• **INSTRUCTIONS FOR THE TASK**
Whichever lines include the word "object", copy them as they appear in the data.

(DATA PROVIDED Opens)

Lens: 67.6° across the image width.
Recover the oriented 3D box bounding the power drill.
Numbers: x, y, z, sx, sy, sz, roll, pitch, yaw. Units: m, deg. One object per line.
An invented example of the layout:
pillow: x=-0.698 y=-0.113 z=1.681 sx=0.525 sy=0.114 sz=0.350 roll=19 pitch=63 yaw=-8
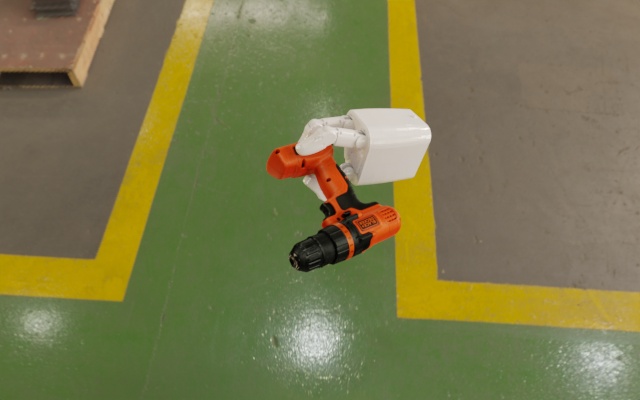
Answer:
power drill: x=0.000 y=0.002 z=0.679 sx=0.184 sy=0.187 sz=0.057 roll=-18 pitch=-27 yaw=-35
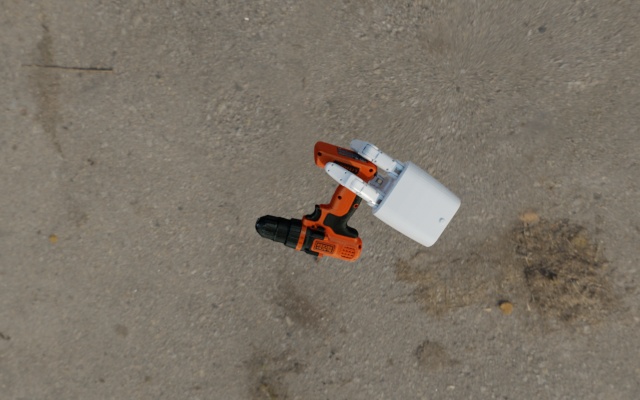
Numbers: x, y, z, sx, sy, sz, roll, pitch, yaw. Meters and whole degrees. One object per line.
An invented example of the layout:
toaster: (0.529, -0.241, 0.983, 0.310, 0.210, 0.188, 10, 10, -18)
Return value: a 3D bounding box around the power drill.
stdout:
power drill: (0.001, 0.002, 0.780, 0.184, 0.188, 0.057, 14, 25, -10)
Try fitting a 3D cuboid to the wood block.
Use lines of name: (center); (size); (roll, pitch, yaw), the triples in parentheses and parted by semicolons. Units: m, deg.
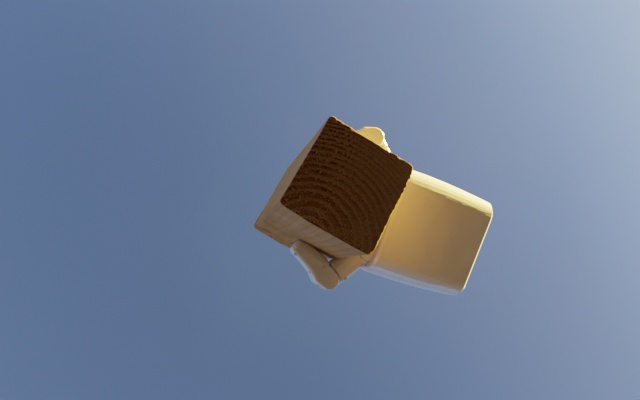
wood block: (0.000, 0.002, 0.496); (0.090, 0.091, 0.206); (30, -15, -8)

(DATA PROVIDED Closes)
(DATA PROVIDED Opens)

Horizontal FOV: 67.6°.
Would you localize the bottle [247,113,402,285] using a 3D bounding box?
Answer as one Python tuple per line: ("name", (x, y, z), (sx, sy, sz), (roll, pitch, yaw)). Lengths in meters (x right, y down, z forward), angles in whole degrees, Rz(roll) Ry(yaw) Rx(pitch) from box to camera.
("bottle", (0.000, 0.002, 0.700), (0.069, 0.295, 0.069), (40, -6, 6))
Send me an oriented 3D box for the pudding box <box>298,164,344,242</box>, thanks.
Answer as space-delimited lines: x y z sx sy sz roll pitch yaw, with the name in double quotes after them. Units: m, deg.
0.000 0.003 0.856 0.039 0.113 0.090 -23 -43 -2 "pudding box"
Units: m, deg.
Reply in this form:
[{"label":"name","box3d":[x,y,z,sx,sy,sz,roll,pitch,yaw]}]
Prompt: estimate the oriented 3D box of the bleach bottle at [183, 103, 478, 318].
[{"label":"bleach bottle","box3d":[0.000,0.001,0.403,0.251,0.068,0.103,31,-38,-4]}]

(DATA PROVIDED Closes)

• **OUTPUT FOR THIS EXERCISE**
Numbers: x, y, z, sx, sy, sz, roll, pitch, yaw. Units: m, deg. One object per line.
Numbers: x, y, z, sx, sy, sz, roll, pitch, yaw. Meters and whole degrees. One object per line.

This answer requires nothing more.